GPU Rendering
Blinc renders on the GPU via wgpu. The pipeline has two parts that work together:
- An SDF-based primitive renderer. Rounded rects, circles, shadows, glass, text, images. Resolution-independent, analytical, no tessellation.
- A damage-aware compositor. A cached static texture plus targeted re-dispatch, so a hover or animation tick only redraws what changed.

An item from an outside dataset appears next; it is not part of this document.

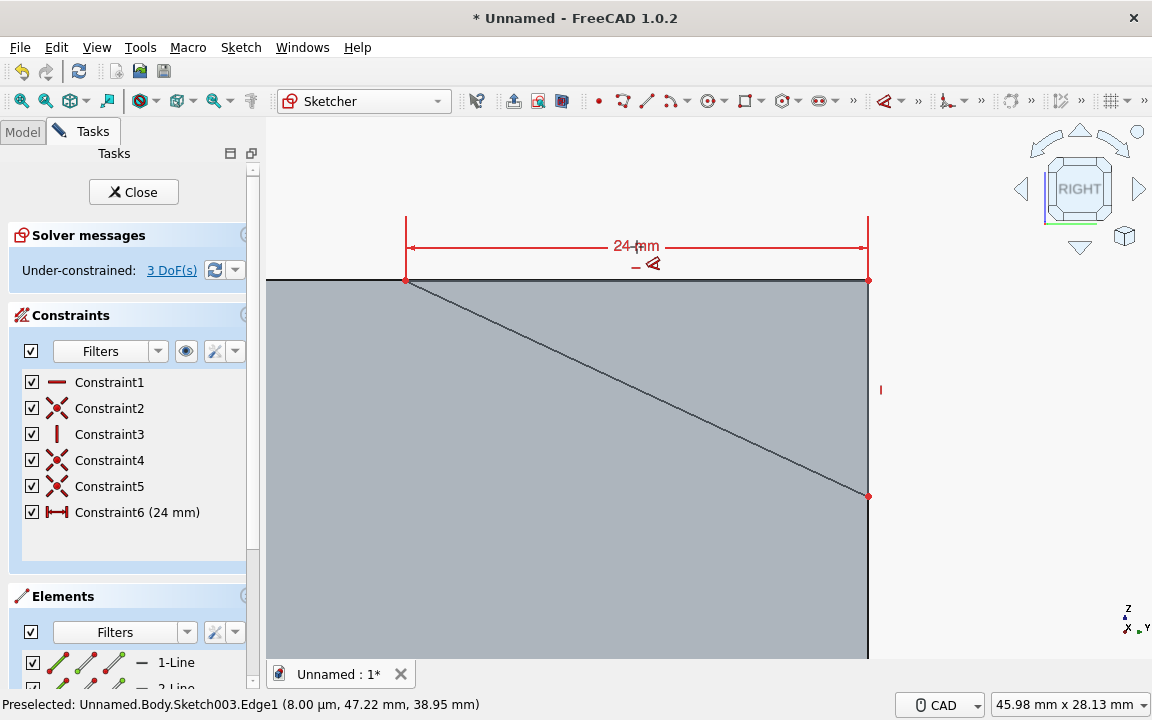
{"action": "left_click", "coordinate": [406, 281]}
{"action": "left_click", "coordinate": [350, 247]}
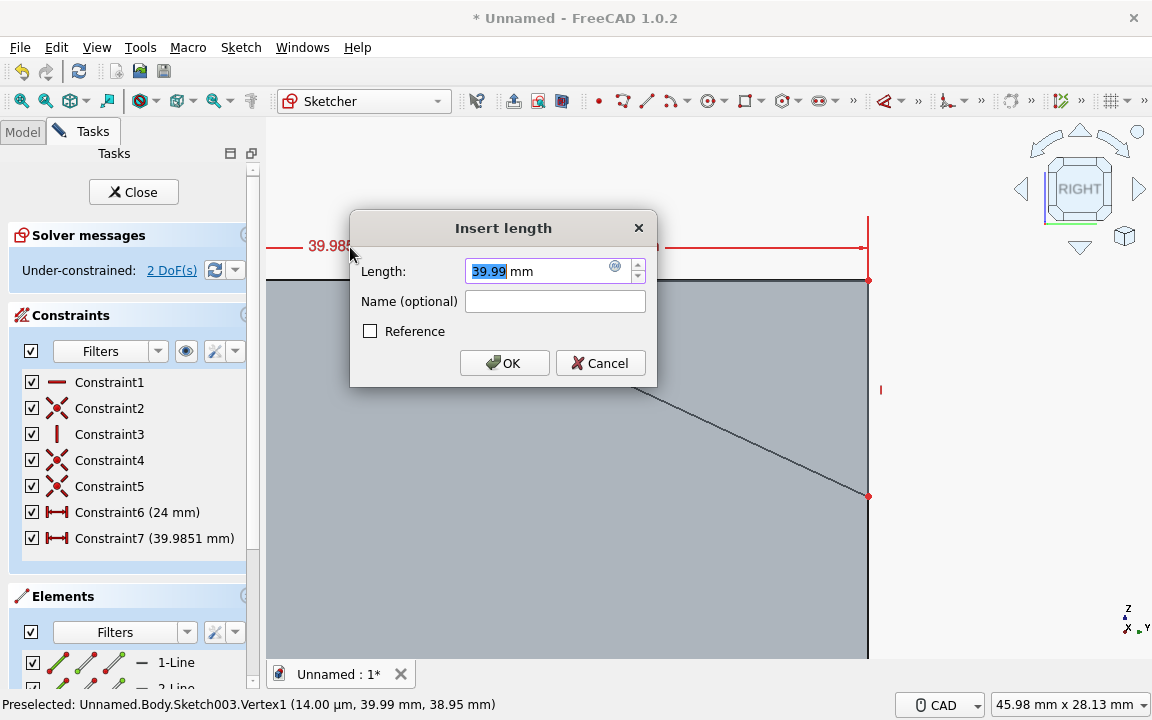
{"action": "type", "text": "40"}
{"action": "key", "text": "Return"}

Most documentation around the web treats GPU UI as “rasterise the tree, present”. Blinc does that exactly once per tree state. After that, frames are usually “blit the cache, then re-dispatch the N changed primitives scissored to a damage rect”.
The frame loop
Every frame goes through five phases:
1. diff apply reactive signal updates; classify changes
2. layout Taffy compute_layout on dirty nodes
3. tick advance springs, CSS keyframes, transitions
4. paint fast path or full walker, then GPU dispatch
5. composite blit static cache + overlays, present, re-arm if mid-flight
Phase 4 is the one with branches.
Phase 4: paint
The frame loop computes a try_fast_paint predicate at the start of paint:
#![allow(unused)]
fn main() {
try_fast_paint =
!did_rebuild
&& !needs_relayout
&& !css_blocks_fast // no layout-affecting CSS change
&& !scroll_animating
&& !bounds_anim_active // no bounds / clip / size animation
&& !new_overlay_active
&& has_render_cache();
}
If every gate holds: compositor fast path. The tree is not re-walked. Two delta paths run in sequence:
- Motion deltas (
apply_binding_deltas). Patch motion-bound primitives in place in the dynamic batch. Translates, scales, rotations, opacities rewrite GPU primitive fields directly. - CSS deltas (
apply_css_deltas). Patch CSS-animated primitives in place in the static batch. Opacity, background colour, border colour, border width, corner radius, shadow, and 3D rotations are all in-place.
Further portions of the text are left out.